> _Data to examine_

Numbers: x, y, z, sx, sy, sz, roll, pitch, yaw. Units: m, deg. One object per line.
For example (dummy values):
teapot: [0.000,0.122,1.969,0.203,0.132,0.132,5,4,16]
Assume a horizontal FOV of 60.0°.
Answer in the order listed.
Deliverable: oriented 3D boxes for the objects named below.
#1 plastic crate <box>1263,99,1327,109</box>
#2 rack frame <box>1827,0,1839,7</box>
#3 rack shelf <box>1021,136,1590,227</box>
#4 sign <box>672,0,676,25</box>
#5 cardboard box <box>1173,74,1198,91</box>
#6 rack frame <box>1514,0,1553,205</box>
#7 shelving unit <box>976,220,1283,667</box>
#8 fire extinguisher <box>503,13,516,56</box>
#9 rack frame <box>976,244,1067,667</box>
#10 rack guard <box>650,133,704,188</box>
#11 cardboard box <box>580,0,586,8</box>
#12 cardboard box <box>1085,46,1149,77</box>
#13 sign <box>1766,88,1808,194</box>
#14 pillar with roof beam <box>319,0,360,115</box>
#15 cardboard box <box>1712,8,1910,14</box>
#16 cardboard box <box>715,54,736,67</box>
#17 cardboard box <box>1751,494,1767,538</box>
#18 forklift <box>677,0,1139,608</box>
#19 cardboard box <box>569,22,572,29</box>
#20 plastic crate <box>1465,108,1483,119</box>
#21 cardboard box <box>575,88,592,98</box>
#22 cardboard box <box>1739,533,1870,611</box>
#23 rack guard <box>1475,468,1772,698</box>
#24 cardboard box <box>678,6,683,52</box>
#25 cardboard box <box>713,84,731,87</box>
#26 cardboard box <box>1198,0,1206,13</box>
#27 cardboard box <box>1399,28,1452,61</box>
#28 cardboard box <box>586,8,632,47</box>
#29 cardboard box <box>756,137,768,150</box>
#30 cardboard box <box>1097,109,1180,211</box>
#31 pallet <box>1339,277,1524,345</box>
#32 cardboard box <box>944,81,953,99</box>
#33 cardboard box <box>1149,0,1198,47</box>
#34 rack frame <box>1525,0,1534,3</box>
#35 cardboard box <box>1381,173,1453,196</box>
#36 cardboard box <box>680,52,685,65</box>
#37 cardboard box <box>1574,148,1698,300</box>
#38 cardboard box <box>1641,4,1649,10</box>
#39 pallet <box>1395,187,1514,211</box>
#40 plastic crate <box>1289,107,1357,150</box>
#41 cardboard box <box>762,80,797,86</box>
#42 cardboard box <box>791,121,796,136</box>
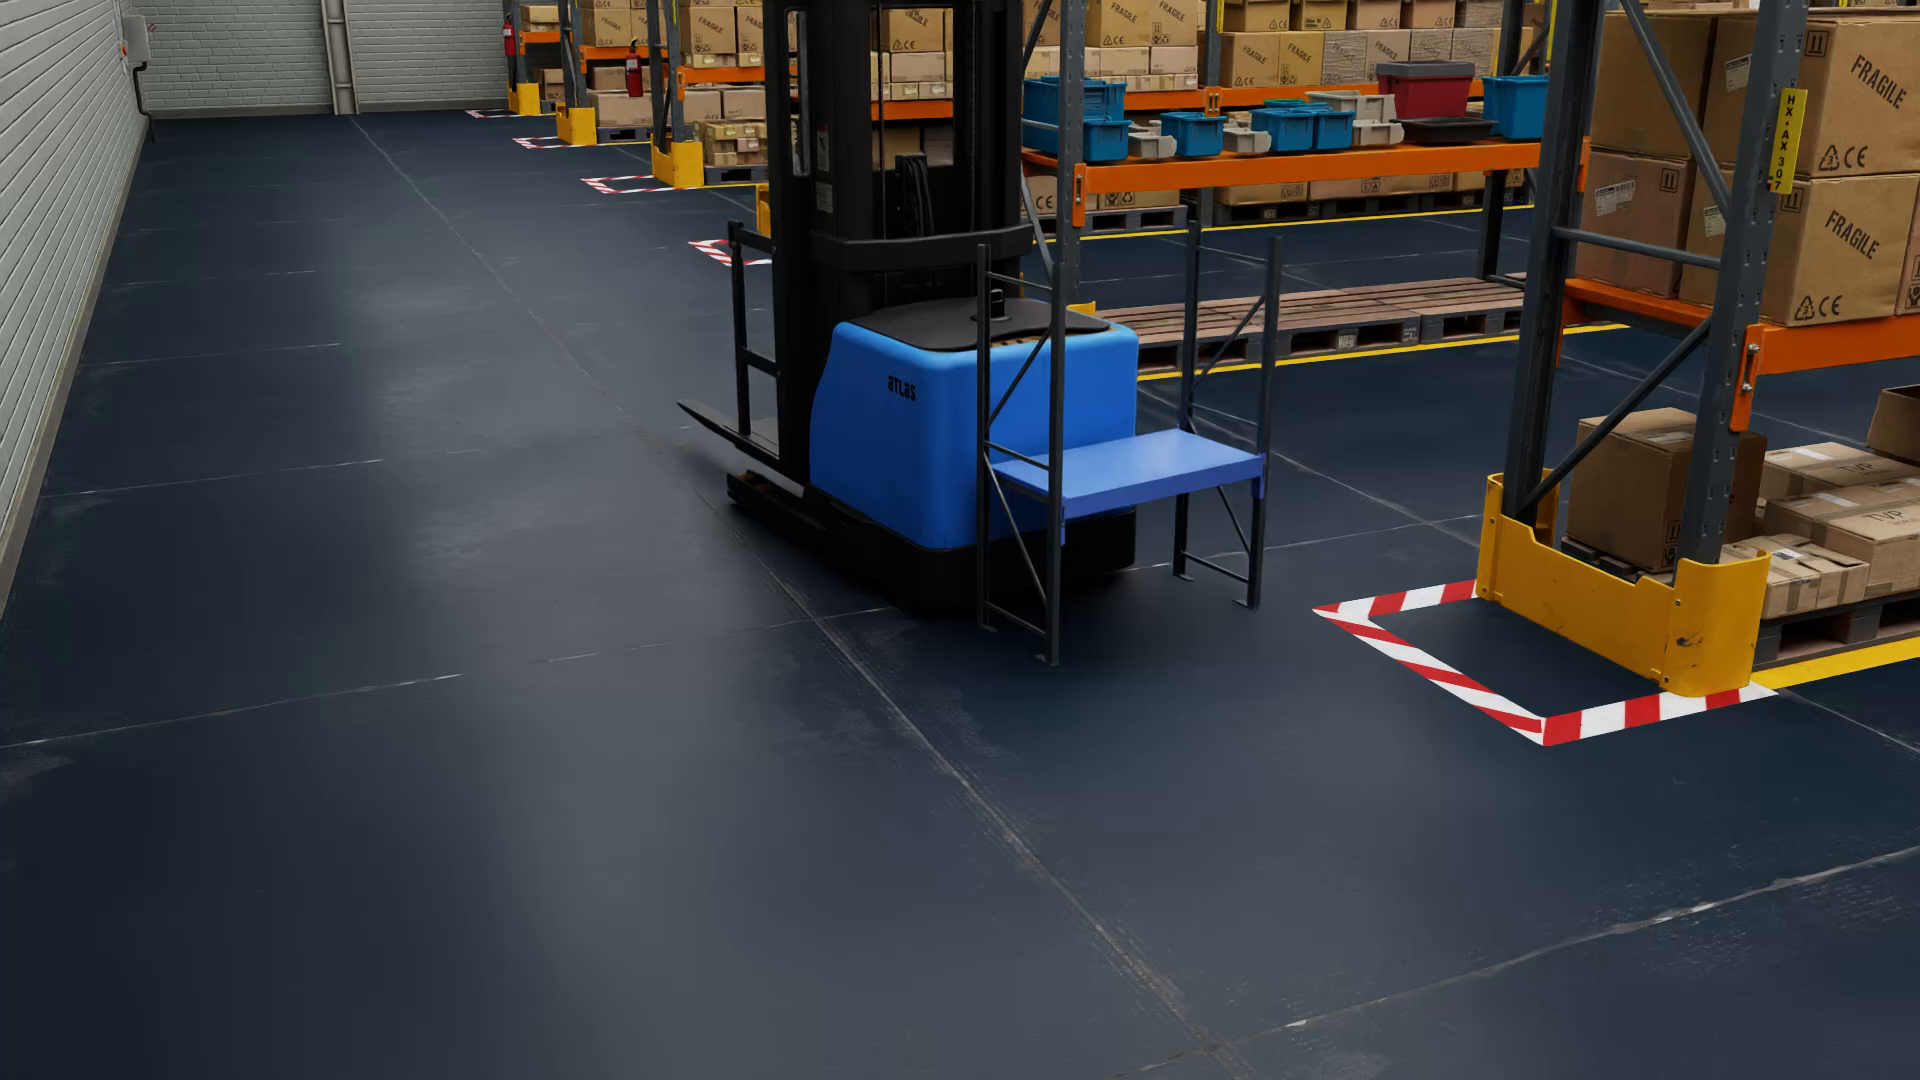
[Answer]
plastic crate: [2.260,-2.845,11.248,0.300,0.233,0.416,-8,21,-22]
rack frame: [9.532,-5.637,19.014,0.127,3.000,1.000,-8,21,-22]
rack shelf: [2.312,-2.471,11.108,4.000,0.370,1.077,-8,21,-22]
sign: [-3.143,-5.827,18.250,0.005,0.325,0.100,-8,21,-22]
cardboard box: [2.037,-4.326,15.669,0.250,0.149,0.380,-8,21,-22]
rack frame: [5.860,-5.110,17.519,0.127,3.000,1.000,-8,21,-22]
shelving unit: [0.638,-0.399,6.398,1.048,1.500,0.538,-13,23,-32]
fire extinguisher: [-7.333,-8.221,27.031,0.183,0.674,0.296,-8,21,-22]
rack frame: [0.215,-0.305,6.131,0.032,1.500,0.500,-13,23,-32]
rack guard: [-3.288,-4.415,19.308,0.348,0.500,1.175,-8,21,-22]
cardboard box: [-5.063,-7.735,23.317,0.500,0.500,0.500,-7,21,-20]
cardboard box: [1.411,-4.447,15.413,0.500,0.250,0.500,-7,21,-20]
sign: [2.650,-1.279,5.336,0.005,0.325,0.100,-8,21,-22]
pillar with roof beam: [-8.508,-10.030,22.459,0.400,9.000,9.100,-8,21,-22]
cardboard box: [3.198,-1.764,6.361,0.500,0.500,0.500,-8,21,-20]
cardboard box: [-2.713,-5.454,18.874,0.250,0.149,0.380,-7,21,-20]
cardboard box: [3.244,-0.080,6.837,0.250,0.166,0.380,-8,21,-22]
forklift: [-0.456,-1.554,7.522,1.130,2.935,3.031,-11,22,-29]
cardboard box: [-6.528,-8.527,27.601,0.250,0.149,0.380,-8,21,-23]
plastic crate: [3.665,-2.960,11.719,0.243,0.136,0.396,-8,21,-22]
cardboard box: [-6.376,-7.542,28.086,0.250,0.149,0.380,-9,21,-24]
cardboard box: [3.185,0.109,6.299,0.250,0.166,0.380,-8,21,-22]
rack guard: [2.504,0.133,6.393,0.348,0.500,1.175,-8,21,-22]
cardboard box: [-3.047,-5.909,19.189,0.500,0.500,0.500,-8,21,-21]
cardboard box: [-4.103,-7.810,28.847,0.250,0.149,0.380,-9,21,-24]
cardboard box: [3.004,-6.689,20.853,0.250,0.149,0.380,-7,21,-20]
cardboard box: [4.569,-4.884,16.726,0.500,0.500,0.500,-9,21,-24]
cardboard box: [-4.857,-7.103,23.028,0.500,0.500,0.500,-8,21,-22]
cardboard box: [-2.312,-4.646,19.413,0.250,0.149,0.380,-8,21,-21]
cardboard box: [1.549,-3.718,16.131,0.875,0.875,0.875,-8,21,-22]
pallet: [3.489,-1.650,11.890,1.213,0.211,1.003,-8,21,-22]
cardboard box: [-0.087,-4.021,14.805,0.250,0.149,0.380,-9,21,-23]
cardboard box: [1.871,-4.865,15.473,0.500,0.500,0.500,-8,21,-20]
rack frame: [7.661,-7.162,23.347,0.127,3.000,1.000,-8,21,-22]
cardboard box: [4.396,-4.107,17.236,0.875,0.875,1.225,-8,21,-22]
cardboard box: [-3.170,-5.594,19.272,0.250,0.149,0.380,-8,21,-22]
cardboard box: [2.738,-1.226,6.336,0.500,0.500,0.500,-7,21,-20]
cardboard box: [9.480,-7.500,24.080,0.500,0.550,0.875,-8,21,-22]
pallet: [5.106,-3.714,17.753,1.213,0.211,1.003,-8,21,-22]
plastic crate: [2.318,-2.642,10.670,0.300,0.233,0.416,-8,21,-22]
cardboard box: [-3.175,-8.133,29.237,0.500,0.500,0.500,-7,21,-20]
cardboard box: [-2.060,-4.808,19.425,0.250,0.149,0.380,-9,21,-25]

> _Instructions for the task_
Leave the pictures out and return the rest of the listing exactly.

> _Reply to the task_
Numbers: x, y, z, sx, sy, sz, roll, pitch, yaw. Units: m, deg. One object per line.
For example (dummy values):
teapot: [0.000,0.122,1.969,0.203,0.132,0.132,5,4,16]
Assume a horizontal FOV of 60.0°.
Answer in the order listed.
Deliverable: oriented 3D boxes for the objects named below.
#1 plastic crate <box>1263,99,1327,109</box>
#2 rack frame <box>1827,0,1839,7</box>
#3 rack shelf <box>1021,136,1590,227</box>
#4 sign <box>672,0,676,25</box>
#5 cardboard box <box>1173,74,1198,91</box>
#6 rack frame <box>1514,0,1553,205</box>
#7 shelving unit <box>976,220,1283,667</box>
#8 fire extinguisher <box>503,13,516,56</box>
#9 rack frame <box>976,244,1067,667</box>
#10 rack guard <box>650,133,704,188</box>
#11 cardboard box <box>580,0,586,8</box>
#12 cardboard box <box>1085,46,1149,77</box>
#13 sign <box>1766,88,1808,194</box>
#14 pillar with roof beam <box>319,0,360,115</box>
#15 cardboard box <box>1712,8,1910,14</box>
#16 cardboard box <box>715,54,736,67</box>
#17 cardboard box <box>1751,494,1767,538</box>
#18 forklift <box>677,0,1139,608</box>
#19 cardboard box <box>569,22,572,29</box>
#20 plastic crate <box>1465,108,1483,119</box>
#21 cardboard box <box>575,88,592,98</box>
#22 cardboard box <box>1739,533,1870,611</box>
#23 rack guard <box>1475,468,1772,698</box>
#24 cardboard box <box>678,6,683,52</box>
#25 cardboard box <box>713,84,731,87</box>
#26 cardboard box <box>1198,0,1206,13</box>
#27 cardboard box <box>1399,28,1452,61</box>
#28 cardboard box <box>586,8,632,47</box>
#29 cardboard box <box>756,137,768,150</box>
#30 cardboard box <box>1097,109,1180,211</box>
#31 pallet <box>1339,277,1524,345</box>
#32 cardboard box <box>944,81,953,99</box>
#33 cardboard box <box>1149,0,1198,47</box>
#34 rack frame <box>1525,0,1534,3</box>
#35 cardboard box <box>1381,173,1453,196</box>
#36 cardboard box <box>680,52,685,65</box>
#37 cardboard box <box>1574,148,1698,300</box>
#38 cardboard box <box>1641,4,1649,10</box>
#39 pallet <box>1395,187,1514,211</box>
#40 plastic crate <box>1289,107,1357,150</box>
#41 cardboard box <box>762,80,797,86</box>
#42 cardboard box <box>791,121,796,136</box>
[Answer]
plastic crate: [2.260,-2.845,11.248,0.300,0.233,0.416,-8,21,-22]
rack frame: [9.532,-5.637,19.014,0.127,3.000,1.000,-8,21,-22]
rack shelf: [2.312,-2.471,11.108,4.000,0.370,1.077,-8,21,-22]
sign: [-3.143,-5.827,18.250,0.005,0.325,0.100,-8,21,-22]
cardboard box: [2.037,-4.326,15.669,0.250,0.149,0.380,-8,21,-22]
rack frame: [5.860,-5.110,17.519,0.127,3.000,1.000,-8,21,-22]
shelving unit: [0.638,-0.399,6.398,1.048,1.500,0.538,-13,23,-32]
fire extinguisher: [-7.333,-8.221,27.031,0.183,0.674,0.296,-8,21,-22]
rack frame: [0.215,-0.305,6.131,0.032,1.500,0.500,-13,23,-32]
rack guard: [-3.288,-4.415,19.308,0.348,0.500,1.175,-8,21,-22]
cardboard box: [-5.063,-7.735,23.317,0.500,0.500,0.500,-7,21,-20]
cardboard box: [1.411,-4.447,15.413,0.500,0.250,0.500,-7,21,-20]
sign: [2.650,-1.279,5.336,0.005,0.325,0.100,-8,21,-22]
pillar with roof beam: [-8.508,-10.030,22.459,0.400,9.000,9.100,-8,21,-22]
cardboard box: [3.198,-1.764,6.361,0.500,0.500,0.500,-8,21,-20]
cardboard box: [-2.713,-5.454,18.874,0.250,0.149,0.380,-7,21,-20]
cardboard box: [3.244,-0.080,6.837,0.250,0.166,0.380,-8,21,-22]
forklift: [-0.456,-1.554,7.522,1.130,2.935,3.031,-11,22,-29]
cardboard box: [-6.528,-8.527,27.601,0.250,0.149,0.380,-8,21,-23]
plastic crate: [3.665,-2.960,11.719,0.243,0.136,0.396,-8,21,-22]
cardboard box: [-6.376,-7.542,28.086,0.250,0.149,0.380,-9,21,-24]
cardboard box: [3.185,0.109,6.299,0.250,0.166,0.380,-8,21,-22]
rack guard: [2.504,0.133,6.393,0.348,0.500,1.175,-8,21,-22]
cardboard box: [-3.047,-5.909,19.189,0.500,0.500,0.500,-8,21,-21]
cardboard box: [-4.103,-7.810,28.847,0.250,0.149,0.380,-9,21,-24]
cardboard box: [3.004,-6.689,20.853,0.250,0.149,0.380,-7,21,-20]
cardboard box: [4.569,-4.884,16.726,0.500,0.500,0.500,-9,21,-24]
cardboard box: [-4.857,-7.103,23.028,0.500,0.500,0.500,-8,21,-22]
cardboard box: [-2.312,-4.646,19.413,0.250,0.149,0.380,-8,21,-21]
cardboard box: [1.549,-3.718,16.131,0.875,0.875,0.875,-8,21,-22]
pallet: [3.489,-1.650,11.890,1.213,0.211,1.003,-8,21,-22]
cardboard box: [-0.087,-4.021,14.805,0.250,0.149,0.380,-9,21,-23]
cardboard box: [1.871,-4.865,15.473,0.500,0.500,0.500,-8,21,-20]
rack frame: [7.661,-7.162,23.347,0.127,3.000,1.000,-8,21,-22]
cardboard box: [4.396,-4.107,17.236,0.875,0.875,1.225,-8,21,-22]
cardboard box: [-3.170,-5.594,19.272,0.250,0.149,0.380,-8,21,-22]
cardboard box: [2.738,-1.226,6.336,0.500,0.500,0.500,-7,21,-20]
cardboard box: [9.480,-7.500,24.080,0.500,0.550,0.875,-8,21,-22]
pallet: [5.106,-3.714,17.753,1.213,0.211,1.003,-8,21,-22]
plastic crate: [2.318,-2.642,10.670,0.300,0.233,0.416,-8,21,-22]
cardboard box: [-3.175,-8.133,29.237,0.500,0.500,0.500,-7,21,-20]
cardboard box: [-2.060,-4.808,19.425,0.250,0.149,0.380,-9,21,-25]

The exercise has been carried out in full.